**Task statement:**
Each record should be given back exactly, with none missing.

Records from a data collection

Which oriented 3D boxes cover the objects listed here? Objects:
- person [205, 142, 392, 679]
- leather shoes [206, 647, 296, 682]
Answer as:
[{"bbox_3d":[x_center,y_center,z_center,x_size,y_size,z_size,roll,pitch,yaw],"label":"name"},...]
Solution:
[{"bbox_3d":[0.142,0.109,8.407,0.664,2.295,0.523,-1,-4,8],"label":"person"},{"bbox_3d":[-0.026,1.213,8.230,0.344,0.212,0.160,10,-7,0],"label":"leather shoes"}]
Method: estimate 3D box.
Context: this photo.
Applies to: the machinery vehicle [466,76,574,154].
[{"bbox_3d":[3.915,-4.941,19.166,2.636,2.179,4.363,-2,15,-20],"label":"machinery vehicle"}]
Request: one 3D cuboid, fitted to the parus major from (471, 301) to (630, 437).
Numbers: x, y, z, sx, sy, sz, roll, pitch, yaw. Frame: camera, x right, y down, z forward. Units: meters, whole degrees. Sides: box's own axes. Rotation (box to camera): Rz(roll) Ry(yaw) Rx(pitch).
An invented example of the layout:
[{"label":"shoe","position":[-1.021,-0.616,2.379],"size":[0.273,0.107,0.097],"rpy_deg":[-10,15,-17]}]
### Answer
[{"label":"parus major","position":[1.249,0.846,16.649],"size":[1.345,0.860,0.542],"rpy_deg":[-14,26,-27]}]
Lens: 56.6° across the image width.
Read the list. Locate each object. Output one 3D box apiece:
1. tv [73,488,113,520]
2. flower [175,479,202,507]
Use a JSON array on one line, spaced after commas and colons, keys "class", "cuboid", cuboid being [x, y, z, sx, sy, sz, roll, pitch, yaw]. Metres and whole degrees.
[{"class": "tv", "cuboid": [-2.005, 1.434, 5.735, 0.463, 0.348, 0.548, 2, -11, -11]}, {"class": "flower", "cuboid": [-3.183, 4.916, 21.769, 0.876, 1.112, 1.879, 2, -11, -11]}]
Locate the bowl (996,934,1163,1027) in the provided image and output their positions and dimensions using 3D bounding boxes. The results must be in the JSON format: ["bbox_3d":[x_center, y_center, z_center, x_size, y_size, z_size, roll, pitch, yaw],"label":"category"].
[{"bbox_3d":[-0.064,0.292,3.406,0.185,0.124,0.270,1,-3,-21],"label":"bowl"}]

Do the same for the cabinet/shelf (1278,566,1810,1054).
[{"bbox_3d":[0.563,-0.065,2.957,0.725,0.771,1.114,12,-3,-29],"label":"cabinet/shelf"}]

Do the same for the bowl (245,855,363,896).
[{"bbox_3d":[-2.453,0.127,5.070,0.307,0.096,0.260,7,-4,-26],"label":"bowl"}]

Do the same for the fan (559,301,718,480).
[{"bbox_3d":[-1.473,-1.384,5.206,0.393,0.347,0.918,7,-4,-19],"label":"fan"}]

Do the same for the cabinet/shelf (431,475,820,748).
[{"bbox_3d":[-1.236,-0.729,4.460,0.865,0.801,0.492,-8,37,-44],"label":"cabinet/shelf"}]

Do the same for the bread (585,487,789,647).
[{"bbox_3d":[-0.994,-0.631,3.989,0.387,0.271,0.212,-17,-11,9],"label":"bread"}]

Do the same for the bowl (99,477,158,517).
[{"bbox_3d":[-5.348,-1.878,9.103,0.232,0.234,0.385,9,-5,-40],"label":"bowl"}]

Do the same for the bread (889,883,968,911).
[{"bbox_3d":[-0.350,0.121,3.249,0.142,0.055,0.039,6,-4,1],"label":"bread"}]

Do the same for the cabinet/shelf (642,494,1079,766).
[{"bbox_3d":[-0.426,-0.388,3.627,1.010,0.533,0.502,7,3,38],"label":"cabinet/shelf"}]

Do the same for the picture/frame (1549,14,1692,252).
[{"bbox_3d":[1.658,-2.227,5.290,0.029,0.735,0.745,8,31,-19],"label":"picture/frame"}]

**Output for this task:**
Which oriented 3D boxes cover the objects listed here? Objects:
- person [205, 142, 392, 679]
- leather shoes [206, 647, 296, 682]
Answer as:
[{"bbox_3d":[x_center,y_center,z_center,x_size,y_size,z_size,roll,pitch,yaw],"label":"name"},...]
Solution:
[{"bbox_3d":[0.142,0.109,8.407,0.664,2.295,0.523,-1,-4,8],"label":"person"},{"bbox_3d":[-0.026,1.213,8.230,0.344,0.212,0.160,10,-7,0],"label":"leather shoes"}]
Method: estimate 3D box.
Context: this photo.
Applies to: the machinery vehicle [466,76,574,154].
[{"bbox_3d":[3.915,-4.941,19.166,2.636,2.179,4.363,-2,15,-20],"label":"machinery vehicle"}]
Request: one 3D cuboid, fitted to the parus major from (471, 301) to (630, 437).
Numbers: x, y, z, sx, sy, sz, roll, pitch, yaw. Frame: camera, x right, y down, z forward. Units: meters, whole degrees. Sides: box's own axes. Rotation (box to camera): Rz(roll) Ry(yaw) Rx(pitch).
An invented example of the layout:
[{"label":"shoe","position":[-1.021,-0.616,2.379],"size":[0.273,0.107,0.097],"rpy_deg":[-10,15,-17]}]
### Answer
[{"label":"parus major","position":[1.249,0.846,16.649],"size":[1.345,0.860,0.542],"rpy_deg":[-14,26,-27]}]
Lens: 56.6° across the image width.
Read the list. Locate each object. Output one 3D box apiece:
1. tv [73,488,113,520]
2. flower [175,479,202,507]
Use a JSON array on one line, spaced after commas and colons, keys "class", "cuboid", cuboid being [x, y, z, sx, sy, sz, roll, pitch, yaw]. Metres and whole degrees.
[{"class": "tv", "cuboid": [-2.005, 1.434, 5.735, 0.463, 0.348, 0.548, 2, -11, -11]}, {"class": "flower", "cuboid": [-3.183, 4.916, 21.769, 0.876, 1.112, 1.879, 2, -11, -11]}]
Locate the bowl (996,934,1163,1027) in the provided image and output their positions and dimensions using 3D bounding boxes. The results must be in the JSON format: ["bbox_3d":[x_center, y_center, z_center, x_size, y_size, z_size, roll, pitch, yaw],"label":"category"].
[{"bbox_3d":[-0.064,0.292,3.406,0.185,0.124,0.270,1,-3,-21],"label":"bowl"}]

Do the same for the cabinet/shelf (1278,566,1810,1054).
[{"bbox_3d":[0.563,-0.065,2.957,0.725,0.771,1.114,12,-3,-29],"label":"cabinet/shelf"}]

Do the same for the bowl (245,855,363,896).
[{"bbox_3d":[-2.453,0.127,5.070,0.307,0.096,0.260,7,-4,-26],"label":"bowl"}]

Do the same for the fan (559,301,718,480).
[{"bbox_3d":[-1.473,-1.384,5.206,0.393,0.347,0.918,7,-4,-19],"label":"fan"}]

Do the same for the cabinet/shelf (431,475,820,748).
[{"bbox_3d":[-1.236,-0.729,4.460,0.865,0.801,0.492,-8,37,-44],"label":"cabinet/shelf"}]

Do the same for the bread (585,487,789,647).
[{"bbox_3d":[-0.994,-0.631,3.989,0.387,0.271,0.212,-17,-11,9],"label":"bread"}]

Do the same for the bowl (99,477,158,517).
[{"bbox_3d":[-5.348,-1.878,9.103,0.232,0.234,0.385,9,-5,-40],"label":"bowl"}]

Do the same for the bread (889,883,968,911).
[{"bbox_3d":[-0.350,0.121,3.249,0.142,0.055,0.039,6,-4,1],"label":"bread"}]

Do the same for the cabinet/shelf (642,494,1079,766).
[{"bbox_3d":[-0.426,-0.388,3.627,1.010,0.533,0.502,7,3,38],"label":"cabinet/shelf"}]

Do the same for the picture/frame (1549,14,1692,252).
[{"bbox_3d":[1.658,-2.227,5.290,0.029,0.735,0.745,8,31,-19],"label":"picture/frame"}]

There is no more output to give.